At the end of the movie, they find the woman alive, because of course they do, and Bautista and his daughter and this woman board a helicopter to evacuate the city before the nuke hits, and other than two brief shots of her looking out of the window this lady is never mentioned again and never gets a word of dialogue. The helicopter crashes, because that’s what happens when you detonate a nuke near a helicopter, and apparently she dies in the crash, because Bautista’s daughter is utterly unconcerned about finding her afterwards and we never see a body. It’s as if the screenwriters completely forgot about her.
This also means that the daughter’s insane rescue plan (“I’ll make my dad take me into the super dangerous place to find the needle in the haystack, then run away, and then we’ll all die!”) was not only for nothing, because this woman died, which would have happened anyway, but the movie didn’t think it was important enough to make it explicit what happened to her, or ever mention her apparently-terrible kids again.
King Zombie is invulnerable at the beginning of the film, shrugging off an awful lot of close-range machine-gunnery. At the end of the film, when it is necessary for him to die so the movie can end, he is dispatched with a single pistol shot.
You find out there’s a double-cross at the end of the movie, and instead of wanting 200 million dollars the Mysterious Rich Benefactor actually wanted this other thing, but the problem with that is there wasn’t any need to lie about it. If you think you can make unlimited money from This Thing and you’re a Mysterious Rich Benefactor, then just offer a million bucks per Thing You Want and set the team loose, maybe also pointing out that hey, there’s $200 million in this vault if you want to try and get that too, and then it’s the same movie but it’s less dumb.
And I can hear some of y’all, and your point that hey, it’s a zombie movie, it doesn’t have to be smart is heard and understood, but you also don’t have to make movies deliberately stupid!

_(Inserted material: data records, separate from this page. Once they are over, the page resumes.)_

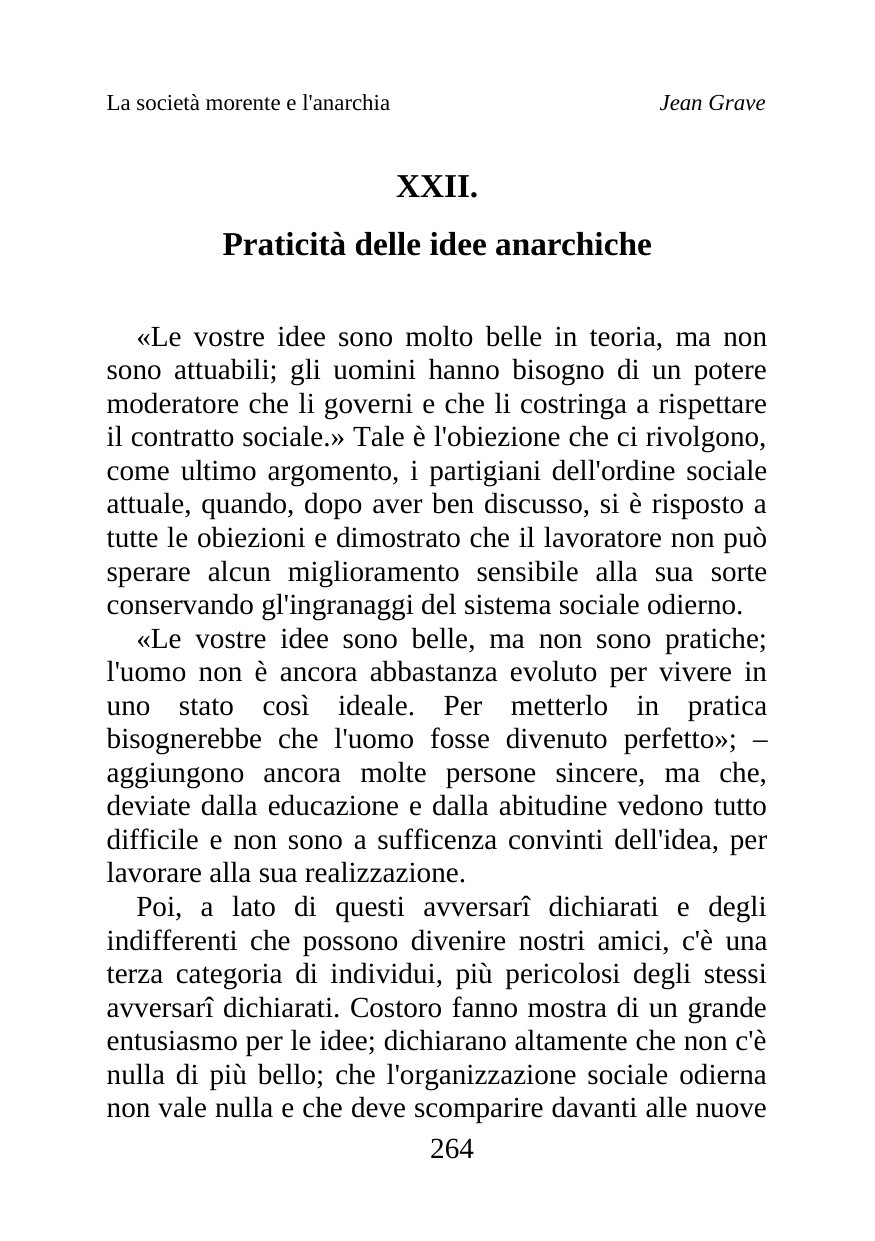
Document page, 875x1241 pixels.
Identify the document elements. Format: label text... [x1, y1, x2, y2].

text Poi, a lato di questi avversarî dichiarati e degli indifferenti che possono divenire nostri amici, c'è una terza categoria di individui, più pericolosi degli stessi avversarî dichiarati. Costoro fanno mostra di un grande entusiasmo per le idee; dichiarano altamente che non c'è nulla di più bello; che l'organizzazione sociale odierna non vale nulla e che deve scomparire davanti alle nuove [106, 889, 768, 1124]
text «Le vostre idee sono belle, ma non sono pratiche; l'uomo non è ancora abbastanza evoluto per vivere in uno stato così ideale. Per metterlo in pratica bisognerebbe che l'uomo fosse divenuto perfetto»; – aggiungono ancora molte persone sincere, ma che, deviate dalla educazione e dalla abitudine vedono tutto difficile e non sono a sufficenza convinti dell'idea, per lavorare alla sua realizzazione. [106, 621, 768, 889]
subtitle XXII. Praticità delle idee anarchiche [106, 166, 768, 262]
text «Le vostre idee sono molto belle in teoria, ma non sono attuabili; gli uomini hanno bisogno di un potere moderatore che li governi e che li costringa a rispettare il contratto sociale.» Tale è l'obiezione che ci rivolgono, come ultimo argomento, i partigiani dell'ordine sociale attuale, quando, dopo aver ben discusso, si è risposto a tutte le obiezioni e dimostrato che il lavoratore non può sperare alcun miglioramento sensibile alla sua sorte conservando gl'ingranaggi del sistema sociale odierno. [106, 319, 768, 621]
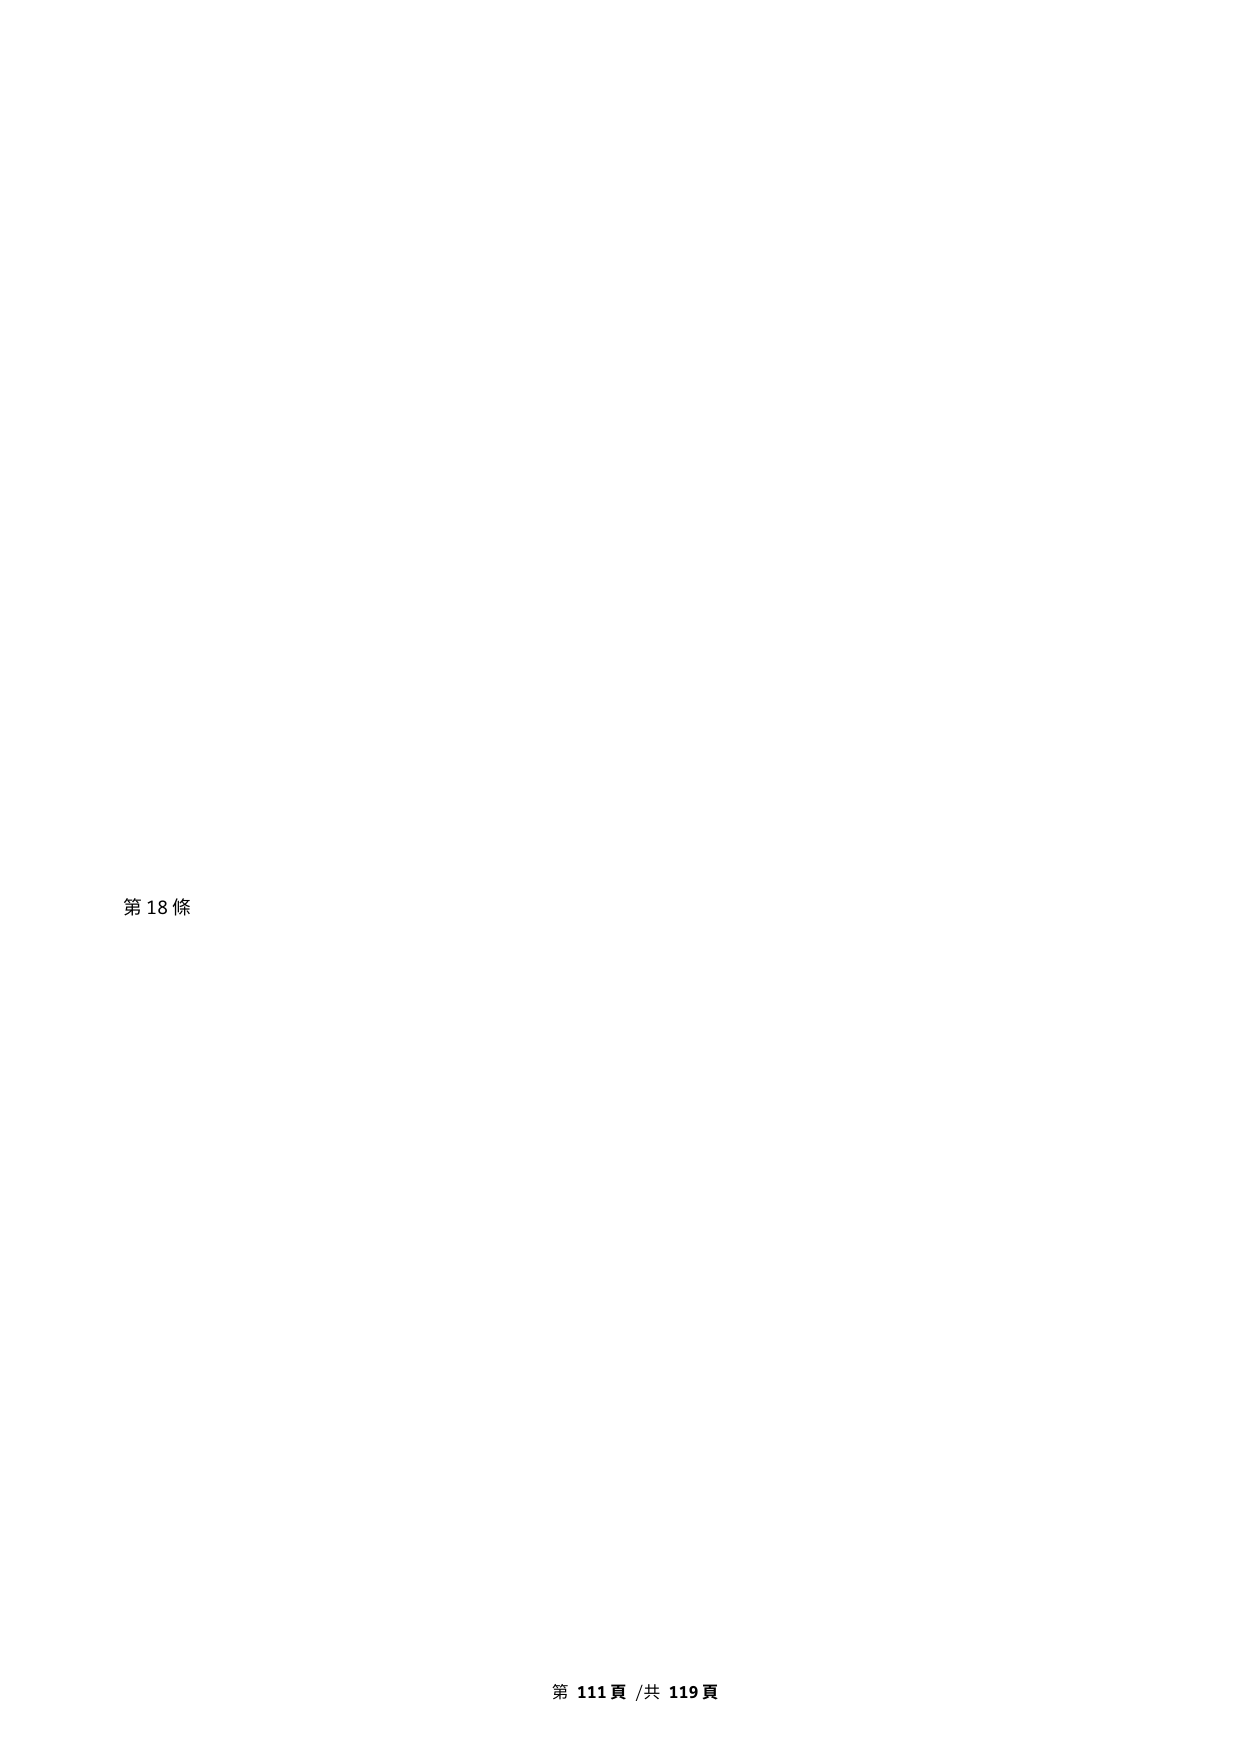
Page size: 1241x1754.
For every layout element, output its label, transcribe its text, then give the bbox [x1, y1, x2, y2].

Sometimes I reflect on how much movies cost and how many people are needed to work on them, and the fact that we still have movies this stupid is kind of amazing. Most of the time, making a movie smart instead of stupid isn’t even more expensive! Just, like, think about your plot for a second during the early stages, and … like, adjust things, to be less dumb.
I promise this is possible. I promise it. But making a stupid movie is a choice– no movie is accidentally stupid– and that choice means I get to criticize you for it, especially when being less stupid wouldn’t have been harder.
(EDIT: Well, that’s hilarious. WordPress’ link robots appear to have decided this post is about feminism.)